*ACTION ITEM*
All entries are to be quoted exactly; the images stay out of the copy.

*Dataset items*

•••

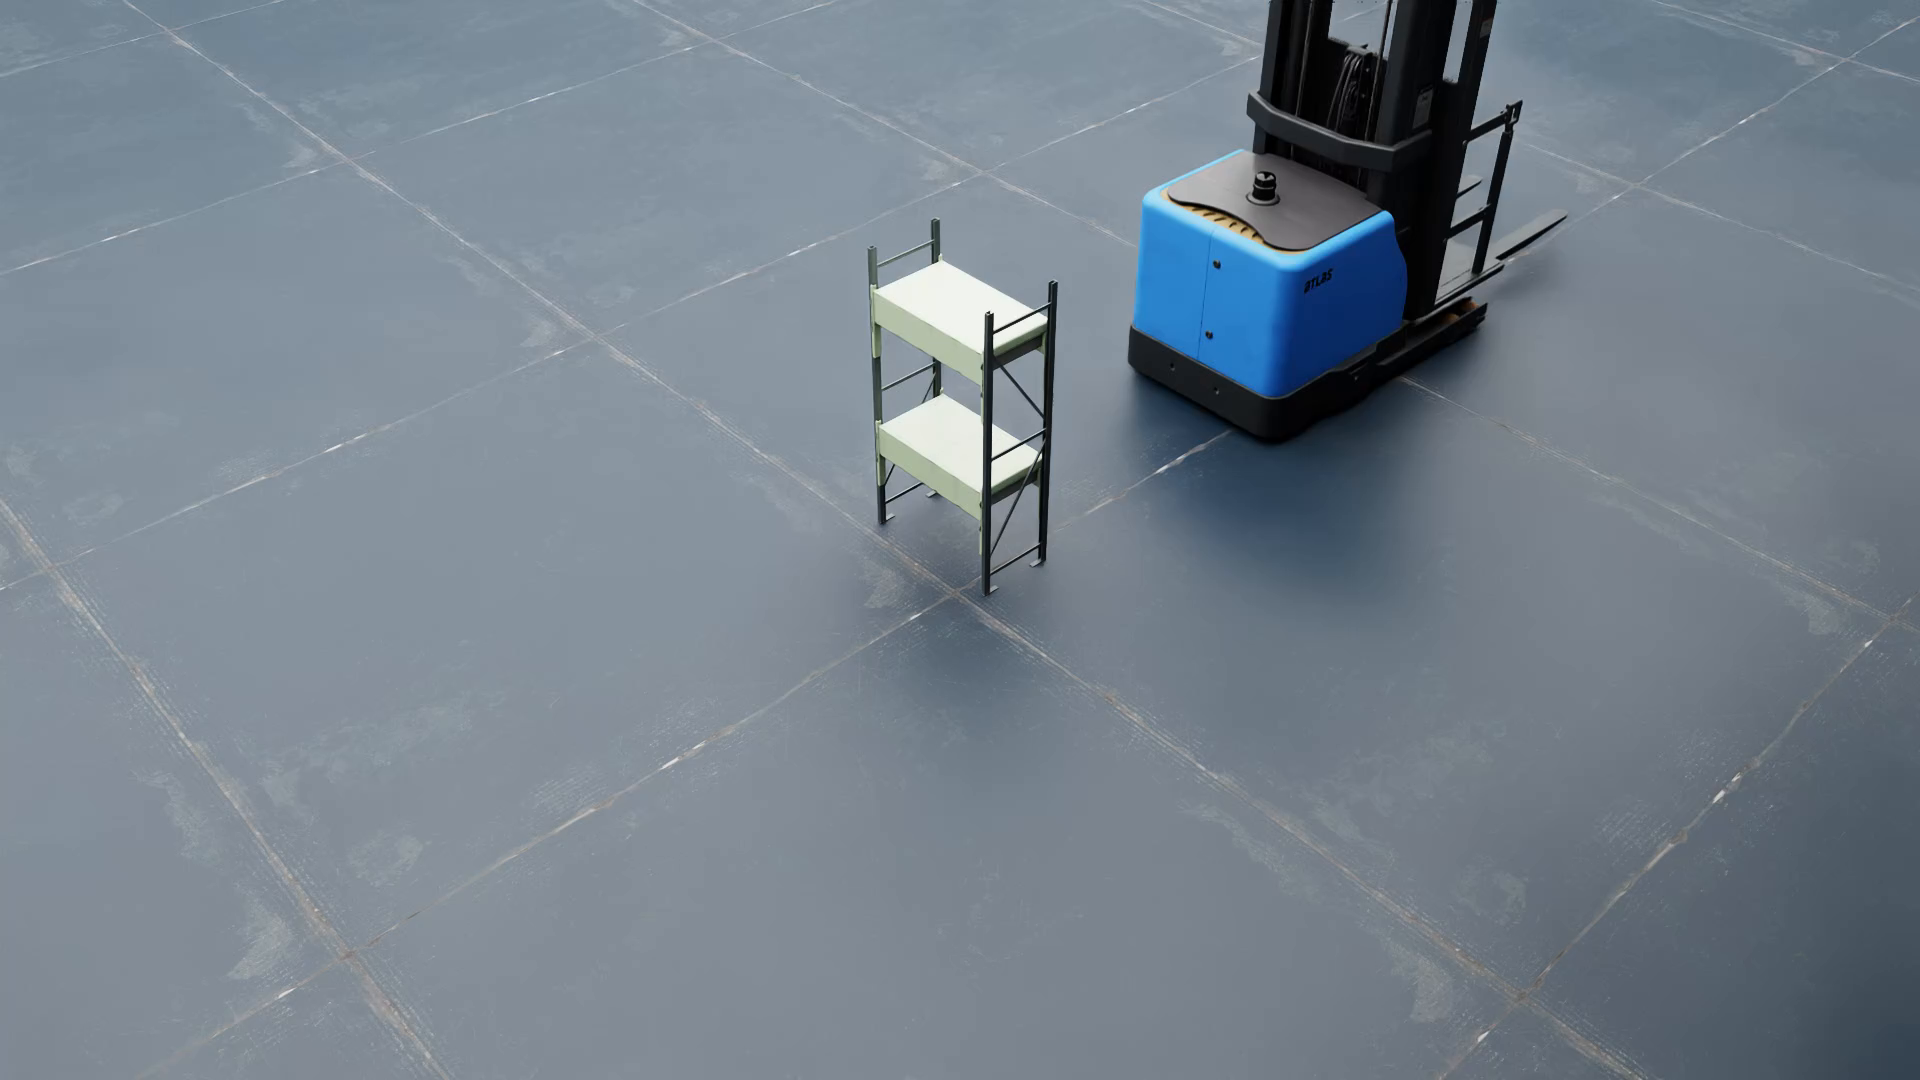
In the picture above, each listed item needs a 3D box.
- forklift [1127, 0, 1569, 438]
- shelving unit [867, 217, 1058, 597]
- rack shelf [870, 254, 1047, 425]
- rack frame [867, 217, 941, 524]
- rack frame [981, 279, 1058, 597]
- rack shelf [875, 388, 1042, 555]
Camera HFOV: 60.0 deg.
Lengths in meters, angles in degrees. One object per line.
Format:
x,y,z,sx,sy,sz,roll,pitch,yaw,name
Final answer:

•••

*RESULT*
In the picture above, each listed item needs a 3D box.
- forklift [1127, 0, 1569, 438]
- shelving unit [867, 217, 1058, 597]
- rack shelf [870, 254, 1047, 425]
- rack frame [867, 217, 941, 524]
- rack frame [981, 279, 1058, 597]
- rack shelf [875, 388, 1042, 555]
Camera HFOV: 60.0 deg.
Lengths in meters, angles in degrees. One object per line.
Format:
x,y,z,sx,sy,sz,roll,pitch,yaw,name
Final answer:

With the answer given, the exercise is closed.